- Records provided -
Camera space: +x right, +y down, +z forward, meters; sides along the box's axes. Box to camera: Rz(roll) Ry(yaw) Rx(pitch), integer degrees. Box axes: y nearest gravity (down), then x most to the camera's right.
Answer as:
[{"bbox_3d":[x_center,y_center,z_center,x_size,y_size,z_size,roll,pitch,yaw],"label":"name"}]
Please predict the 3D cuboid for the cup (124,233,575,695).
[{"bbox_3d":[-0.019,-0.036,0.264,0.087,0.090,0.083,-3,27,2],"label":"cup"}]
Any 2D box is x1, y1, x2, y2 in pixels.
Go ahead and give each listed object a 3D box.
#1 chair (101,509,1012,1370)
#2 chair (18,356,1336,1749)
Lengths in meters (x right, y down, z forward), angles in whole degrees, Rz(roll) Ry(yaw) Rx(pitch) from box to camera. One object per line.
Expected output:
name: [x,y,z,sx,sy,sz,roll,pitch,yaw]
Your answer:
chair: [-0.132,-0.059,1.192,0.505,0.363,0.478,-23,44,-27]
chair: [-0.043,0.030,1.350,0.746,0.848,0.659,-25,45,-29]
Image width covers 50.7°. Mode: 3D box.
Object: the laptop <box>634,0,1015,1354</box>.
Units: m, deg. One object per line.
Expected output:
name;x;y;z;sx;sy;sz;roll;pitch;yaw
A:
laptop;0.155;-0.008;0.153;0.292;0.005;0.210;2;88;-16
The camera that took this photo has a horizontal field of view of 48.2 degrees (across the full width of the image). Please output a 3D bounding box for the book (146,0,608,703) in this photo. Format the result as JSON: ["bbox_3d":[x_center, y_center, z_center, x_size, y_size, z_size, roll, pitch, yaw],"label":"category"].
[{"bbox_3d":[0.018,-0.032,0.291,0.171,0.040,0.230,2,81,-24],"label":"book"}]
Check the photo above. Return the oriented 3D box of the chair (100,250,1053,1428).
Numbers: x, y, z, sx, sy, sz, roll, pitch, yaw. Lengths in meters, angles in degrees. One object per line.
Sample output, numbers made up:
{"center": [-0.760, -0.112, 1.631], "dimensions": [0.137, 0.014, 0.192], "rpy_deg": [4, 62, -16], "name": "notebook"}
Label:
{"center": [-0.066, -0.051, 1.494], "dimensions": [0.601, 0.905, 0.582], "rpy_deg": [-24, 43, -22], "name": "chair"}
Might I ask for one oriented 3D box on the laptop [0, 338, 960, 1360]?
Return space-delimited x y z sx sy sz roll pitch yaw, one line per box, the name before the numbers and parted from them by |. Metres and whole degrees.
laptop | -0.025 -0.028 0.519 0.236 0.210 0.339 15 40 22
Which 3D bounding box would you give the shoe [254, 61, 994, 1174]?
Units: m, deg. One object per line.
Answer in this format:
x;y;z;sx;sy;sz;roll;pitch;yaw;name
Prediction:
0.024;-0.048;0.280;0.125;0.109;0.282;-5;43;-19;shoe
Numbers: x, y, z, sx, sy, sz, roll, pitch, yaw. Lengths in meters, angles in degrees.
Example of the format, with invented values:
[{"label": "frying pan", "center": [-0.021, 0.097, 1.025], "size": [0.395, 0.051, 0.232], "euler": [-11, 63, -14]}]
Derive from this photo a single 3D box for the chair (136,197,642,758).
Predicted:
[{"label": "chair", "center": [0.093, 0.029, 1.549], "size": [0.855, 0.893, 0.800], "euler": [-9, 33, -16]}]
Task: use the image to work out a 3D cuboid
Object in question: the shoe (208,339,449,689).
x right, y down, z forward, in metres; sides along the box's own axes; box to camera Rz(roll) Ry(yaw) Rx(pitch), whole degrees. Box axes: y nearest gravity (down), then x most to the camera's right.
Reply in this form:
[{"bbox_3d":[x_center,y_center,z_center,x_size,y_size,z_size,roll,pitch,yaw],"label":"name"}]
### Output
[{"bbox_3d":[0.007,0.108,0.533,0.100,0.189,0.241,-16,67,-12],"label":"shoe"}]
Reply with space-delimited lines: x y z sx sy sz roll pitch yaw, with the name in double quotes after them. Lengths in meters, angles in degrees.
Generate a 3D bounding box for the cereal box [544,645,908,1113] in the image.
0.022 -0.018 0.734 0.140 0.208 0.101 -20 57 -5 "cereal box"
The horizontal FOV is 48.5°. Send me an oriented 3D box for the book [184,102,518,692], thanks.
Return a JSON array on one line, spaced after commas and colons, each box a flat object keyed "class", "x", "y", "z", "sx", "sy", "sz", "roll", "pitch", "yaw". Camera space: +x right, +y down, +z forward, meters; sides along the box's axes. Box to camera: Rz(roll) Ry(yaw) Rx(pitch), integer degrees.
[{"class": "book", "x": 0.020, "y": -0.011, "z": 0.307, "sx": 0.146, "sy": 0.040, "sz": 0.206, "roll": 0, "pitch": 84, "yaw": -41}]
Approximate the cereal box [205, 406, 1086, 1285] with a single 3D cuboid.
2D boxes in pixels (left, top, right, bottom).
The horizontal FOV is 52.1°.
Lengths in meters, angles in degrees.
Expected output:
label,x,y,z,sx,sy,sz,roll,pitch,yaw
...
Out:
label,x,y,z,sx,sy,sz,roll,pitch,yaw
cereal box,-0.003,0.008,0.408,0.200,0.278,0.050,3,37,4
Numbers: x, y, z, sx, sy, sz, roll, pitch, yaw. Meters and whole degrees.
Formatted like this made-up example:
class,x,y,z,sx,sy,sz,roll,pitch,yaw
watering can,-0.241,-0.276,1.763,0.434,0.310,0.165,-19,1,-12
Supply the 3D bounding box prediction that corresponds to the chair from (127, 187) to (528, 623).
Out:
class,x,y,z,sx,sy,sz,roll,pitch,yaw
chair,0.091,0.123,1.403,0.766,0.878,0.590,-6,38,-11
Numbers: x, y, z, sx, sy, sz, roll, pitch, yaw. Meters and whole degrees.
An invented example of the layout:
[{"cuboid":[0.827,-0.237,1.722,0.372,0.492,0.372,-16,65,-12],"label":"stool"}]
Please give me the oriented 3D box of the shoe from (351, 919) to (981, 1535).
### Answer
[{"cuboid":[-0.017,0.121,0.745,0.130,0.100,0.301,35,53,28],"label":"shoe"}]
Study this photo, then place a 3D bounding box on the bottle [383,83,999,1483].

- How to complete this task -
Prepare a faithful transcription of the material above, with nothing altered.

- Answer space -
Camera space: +x right, +y down, +z forward, meters; sides along the box's axes. Box to camera: Rz(roll) Ry(yaw) Rx(pitch), integer degrees. Box axes: y nearest gravity (down), then x most to the camera's right.
Answer as:
[{"bbox_3d":[x_center,y_center,z_center,x_size,y_size,z_size,roll,pitch,yaw],"label":"name"}]
Please predict the 3D cuboid for the cup (124,233,575,695).
[{"bbox_3d":[-0.019,-0.036,0.264,0.087,0.090,0.083,-3,27,2],"label":"cup"}]
Any 2D box is x1, y1, x2, y2 in pixels.
Go ahead and give each listed object a 3D box.
#1 chair (101,509,1012,1370)
#2 chair (18,356,1336,1749)
Lengths in meters (x right, y down, z forward), angles in whole degrees, Rz(roll) Ry(yaw) Rx(pitch) from box to camera. One object per line.
Expected output:
name: [x,y,z,sx,sy,sz,roll,pitch,yaw]
Your answer:
chair: [-0.132,-0.059,1.192,0.505,0.363,0.478,-23,44,-27]
chair: [-0.043,0.030,1.350,0.746,0.848,0.659,-25,45,-29]
Image width covers 50.7°. Mode: 3D box.
Object: the laptop <box>634,0,1015,1354</box>.
Units: m, deg. One object per line.
Expected output:
name;x;y;z;sx;sy;sz;roll;pitch;yaw
A:
laptop;0.155;-0.008;0.153;0.292;0.005;0.210;2;88;-16
The camera that took this photo has a horizontal field of view of 48.2 degrees (across the full width of the image). Please output a 3D bounding box for the book (146,0,608,703) in this photo. Format the result as JSON: ["bbox_3d":[x_center, y_center, z_center, x_size, y_size, z_size, roll, pitch, yaw],"label":"category"].
[{"bbox_3d":[0.018,-0.032,0.291,0.171,0.040,0.230,2,81,-24],"label":"book"}]
Check the photo above. Return the oriented 3D box of the chair (100,250,1053,1428).
Numbers: x, y, z, sx, sy, sz, roll, pitch, yaw. Lengths in meters, angles in degrees. One object per line.
Sample output, numbers made up:
{"center": [-0.760, -0.112, 1.631], "dimensions": [0.137, 0.014, 0.192], "rpy_deg": [4, 62, -16], "name": "notebook"}
Label:
{"center": [-0.066, -0.051, 1.494], "dimensions": [0.601, 0.905, 0.582], "rpy_deg": [-24, 43, -22], "name": "chair"}
Might I ask for one oriented 3D box on the laptop [0, 338, 960, 1360]?
Return space-delimited x y z sx sy sz roll pitch yaw, one line per box, the name before the numbers and parted from them by |. Metres and whole degrees.
laptop | -0.025 -0.028 0.519 0.236 0.210 0.339 15 40 22
Which 3D bounding box would you give the shoe [254, 61, 994, 1174]?
Units: m, deg. One object per line.
Answer in this format:
x;y;z;sx;sy;sz;roll;pitch;yaw;name
Prediction:
0.024;-0.048;0.280;0.125;0.109;0.282;-5;43;-19;shoe
Numbers: x, y, z, sx, sy, sz, roll, pitch, yaw. Lengths in meters, angles in degrees.
Example of the format, with invented values:
[{"label": "frying pan", "center": [-0.021, 0.097, 1.025], "size": [0.395, 0.051, 0.232], "euler": [-11, 63, -14]}]
Derive from this photo a single 3D box for the chair (136,197,642,758).
Predicted:
[{"label": "chair", "center": [0.093, 0.029, 1.549], "size": [0.855, 0.893, 0.800], "euler": [-9, 33, -16]}]
Task: use the image to work out a 3D cuboid
Object in question: the shoe (208,339,449,689).
x right, y down, z forward, in metres; sides along the box's own axes; box to camera Rz(roll) Ry(yaw) Rx(pitch), whole degrees. Box axes: y nearest gravity (down), then x most to the camera's right.
Reply in this form:
[{"bbox_3d":[x_center,y_center,z_center,x_size,y_size,z_size,roll,pitch,yaw],"label":"name"}]
### Output
[{"bbox_3d":[0.007,0.108,0.533,0.100,0.189,0.241,-16,67,-12],"label":"shoe"}]
Reply with space-delimited lines: x y z sx sy sz roll pitch yaw, with the name in double quotes after them. Lengths in meters, angles in degrees.
Generate a 3D bounding box for the cereal box [544,645,908,1113] in the image.
0.022 -0.018 0.734 0.140 0.208 0.101 -20 57 -5 "cereal box"
The horizontal FOV is 48.5°. Send me an oriented 3D box for the book [184,102,518,692], thanks.
Return a JSON array on one line, spaced after commas and colons, each box a flat object keyed "class", "x", "y", "z", "sx", "sy", "sz", "roll", "pitch", "yaw". Camera space: +x right, +y down, +z forward, meters; sides along the box's axes. Box to camera: Rz(roll) Ry(yaw) Rx(pitch), integer degrees.
[{"class": "book", "x": 0.020, "y": -0.011, "z": 0.307, "sx": 0.146, "sy": 0.040, "sz": 0.206, "roll": 0, "pitch": 84, "yaw": -41}]
Approximate the cereal box [205, 406, 1086, 1285] with a single 3D cuboid.
2D boxes in pixels (left, top, right, bottom).
The horizontal FOV is 52.1°.
Lengths in meters, angles in degrees.
Expected output:
label,x,y,z,sx,sy,sz,roll,pitch,yaw
...
Out:
label,x,y,z,sx,sy,sz,roll,pitch,yaw
cereal box,-0.003,0.008,0.408,0.200,0.278,0.050,3,37,4
Numbers: x, y, z, sx, sy, sz, roll, pitch, yaw. Meters and whole degrees.
Formatted like this made-up example:
class,x,y,z,sx,sy,sz,roll,pitch,yaw
watering can,-0.241,-0.276,1.763,0.434,0.310,0.165,-19,1,-12
Supply the 3D bounding box prediction that corresponds to the chair from (127, 187) to (528, 623).
Out:
class,x,y,z,sx,sy,sz,roll,pitch,yaw
chair,0.091,0.123,1.403,0.766,0.878,0.590,-6,38,-11
Numbers: x, y, z, sx, sy, sz, roll, pitch, yaw. Meters and whole degrees.
An invented example of the layout:
[{"cuboid":[0.827,-0.237,1.722,0.372,0.492,0.372,-16,65,-12],"label":"stool"}]
Please give me the oriented 3D box of the shoe from (351, 919) to (981, 1535).
### Answer
[{"cuboid":[-0.017,0.121,0.745,0.130,0.100,0.301,35,53,28],"label":"shoe"}]
Study this photo, then place a 3D bounding box on the bottle [383,83,999,1483].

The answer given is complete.